Soliris marks a significant treatment advancement for chronic autoimmune neuromuscular disease generalised myasthenia gravis (gMG) and neuromyelitis optica spectrum disorder (NMOSD) and severe blood disorders such as atypical haemolytic uraemic syndrome (aHUS) and paroxysmal nocturnal haemoglobinuria (PNH).
Soliris, a C5 complement inhibitor, binds and blocks C5 protein within the terminal complement pathway to help control the excessive immune response and alleviate symptoms manifested in complement-mediated diseases. Various clinical trials on Soliris have demonstrated the safety and efficacy of this treatment for aHUS, PNH, gMG and NMOSD.

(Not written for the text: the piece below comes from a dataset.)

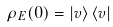Convert formula to latex. <formula><loc_0><loc_0><loc_500><loc_500>\rho _ { E } ( 0 ) = \left | v \right \rangle \left \langle v \right |</formula> 
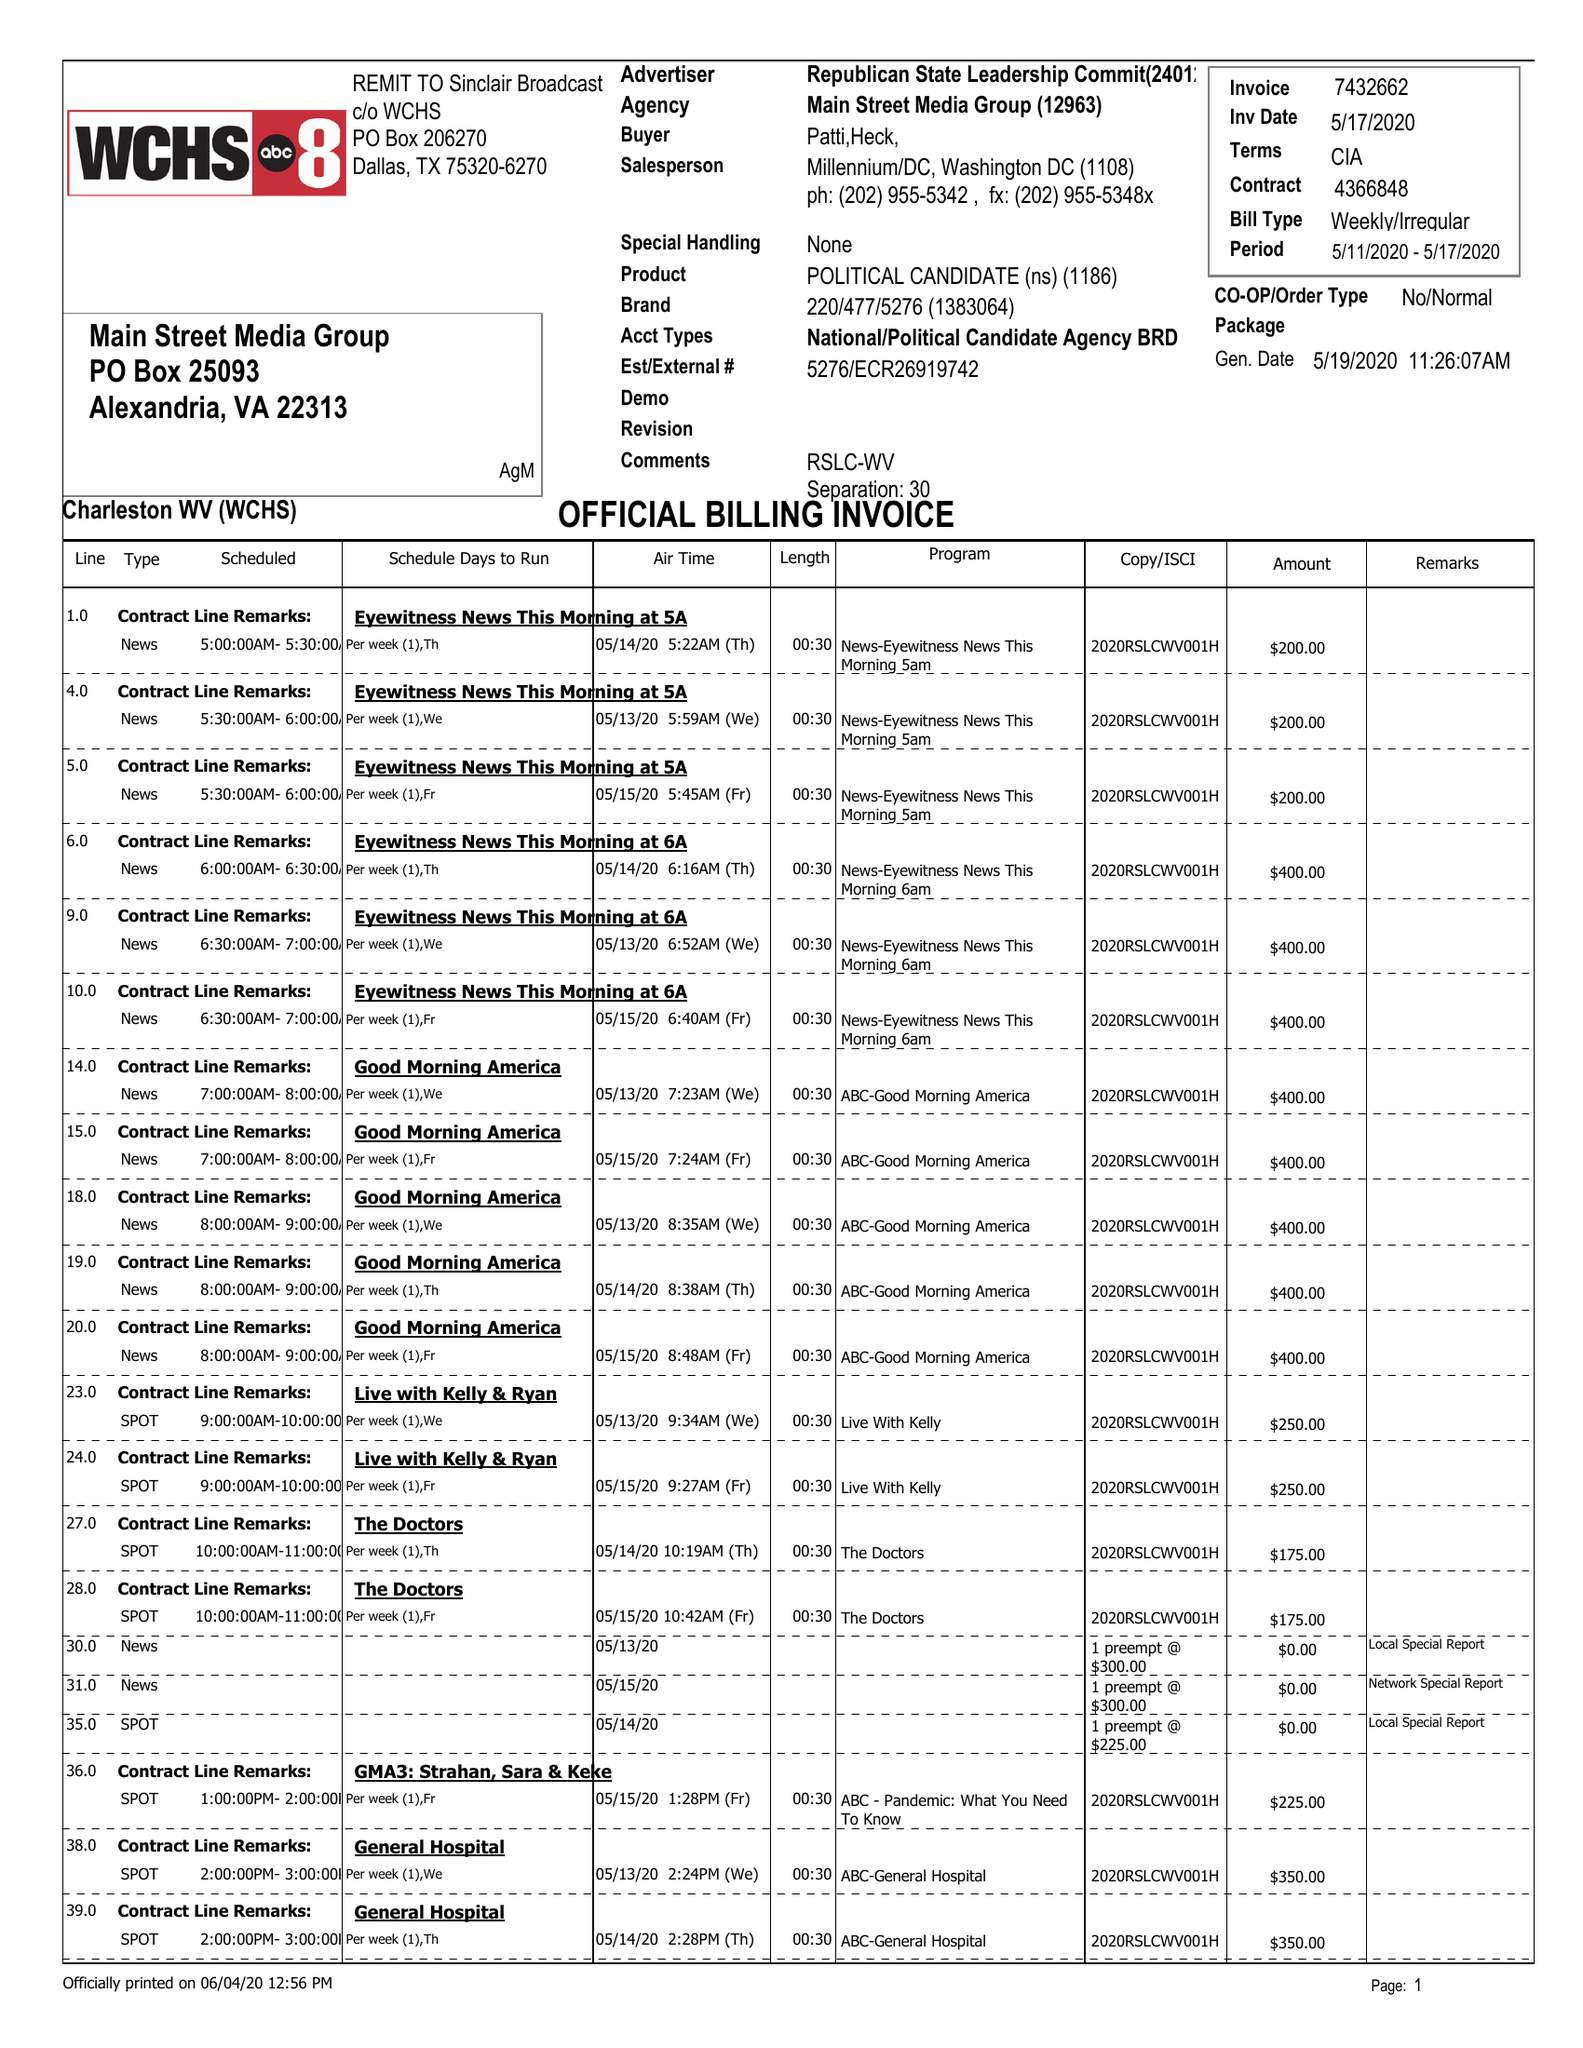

At the launch of Soliris, Consultant Neurologist Dr Fu Liong Hiew of Sunway Medical Centre explained that gMG begins with muscle weakness around the eyeballs and eyelids and leads to weakness in the head, neck, limb and respiratory muscles while NMOSD affects the central nervous system such as the optic nerves and spinal cord that could eventually cause vision loss and paralysis.
Meanwhile, according to Consultant Haematologist Dr Chew Lee Ping from Hospital Umum Sarawak, aHUS is a rare disease due to immune dysregulation of the blood which can cause damage to the kidneys. PNH is a rare, chronic, progressive and potentially life-threatening blood disorder that causes red blood cells to break down prematurely, resulting in blood clots.
Rare diseases are often difficult to recognise and diagnose. Because these conditions are uncommon and their symptoms can look similar to more familiar illnesses, many patients spend years searching for answers. It is not unusual for individuals to see multiple doctors, undergo repeated tests, or receive incorrect diagnoses before their condition is properly identified.
“Research and development into rare diseases requires continuous innovation to deliver meaningful medicines for patients. With Soliris, we can advance our efforts in Malaysia to transform the lives of persons living with rare disease as well as their families to help them fully live their meaningful lives. Moving forward, AstraZeneca remains committed to advancing our legacy and leadership to advocate for the rare disease community,” said Svetlana Yanchuk, Country President for AstraZeneca Malaysia.
As of 2020, Malaysia recorded a total of 491 rare diseases and are often underdiagnosed. Majority of patients experience delayed and inaccurate diagnosis upon initial presentation, and their management is frequently complicated by a lack of access to treatment and information about the diseases.
To date, approximately 300 million people live with rare diseases. Such individuals are often a neglected and marginalised group, especially those in low-income and middle-income countries. Around 80% of rare diseases have a genetic cause, almost 70% of which present in childhood; about 95% lack approved treatments.